▶ _Exercise directions_: What you return must match the records below character for character, except that no picture appears.

▶ _Data provided_:
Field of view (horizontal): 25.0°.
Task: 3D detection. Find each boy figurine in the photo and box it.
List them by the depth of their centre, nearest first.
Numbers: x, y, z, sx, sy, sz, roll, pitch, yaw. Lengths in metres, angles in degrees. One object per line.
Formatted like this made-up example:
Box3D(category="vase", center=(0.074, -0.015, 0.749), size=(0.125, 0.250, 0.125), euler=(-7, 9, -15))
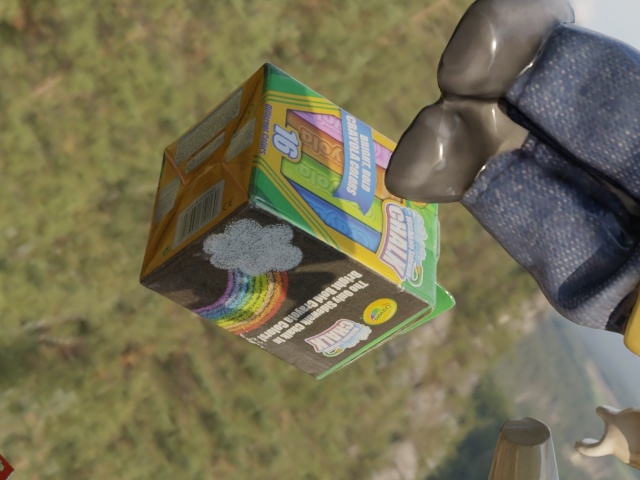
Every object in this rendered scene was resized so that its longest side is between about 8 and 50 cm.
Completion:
Box3D(category="boy figurine", center=(0.159, 0.026, 0.526), size=(0.285, 0.177, 0.092), euler=(40, 25, 23))

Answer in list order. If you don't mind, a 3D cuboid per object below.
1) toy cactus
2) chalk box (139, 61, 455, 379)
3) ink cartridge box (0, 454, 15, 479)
Box3D(category="toy cactus", center=(0.146, 0.201, 1.007), size=(0.112, 0.219, 0.181), euler=(-46, 142, -51))
Box3D(category="chalk box", center=(0.000, 0.000, 1.397), size=(0.289, 0.180, 0.179), euler=(31, 45, -29))
Box3D(category="ink cartridge box", center=(-0.388, 0.273, 1.553), size=(0.063, 0.115, 0.029), euler=(29, -15, 49))

▶ _Completed exercise_:
Field of view (horizontal): 25.0°.
Task: 3D detection. Find each boy figurine in the photo and box it.
List them by the depth of their centre, nearest first.
Numbers: x, y, z, sx, sy, sz, roll, pitch, yaw. Lengths in metres, angles in degrees. One object per line.
Formatted like this made-up example:
Box3D(category="vase", center=(0.074, -0.015, 0.749), size=(0.125, 0.250, 0.125), euler=(-7, 9, -15))
Every object in this rendered scene was resized so that its longest side is between about 8 and 50 cm.
Completion:
Box3D(category="boy figurine", center=(0.159, 0.026, 0.526), size=(0.285, 0.177, 0.092), euler=(40, 25, 23))

Answer in list order. If you don't mind, a 3D cuboid per object below.
1) toy cactus
2) chalk box (139, 61, 455, 379)
3) ink cartridge box (0, 454, 15, 479)
Box3D(category="toy cactus", center=(0.146, 0.201, 1.007), size=(0.112, 0.219, 0.181), euler=(-46, 142, -51))
Box3D(category="chalk box", center=(0.000, 0.000, 1.397), size=(0.289, 0.180, 0.179), euler=(31, 45, -29))
Box3D(category="ink cartridge box", center=(-0.388, 0.273, 1.553), size=(0.063, 0.115, 0.029), euler=(29, -15, 49))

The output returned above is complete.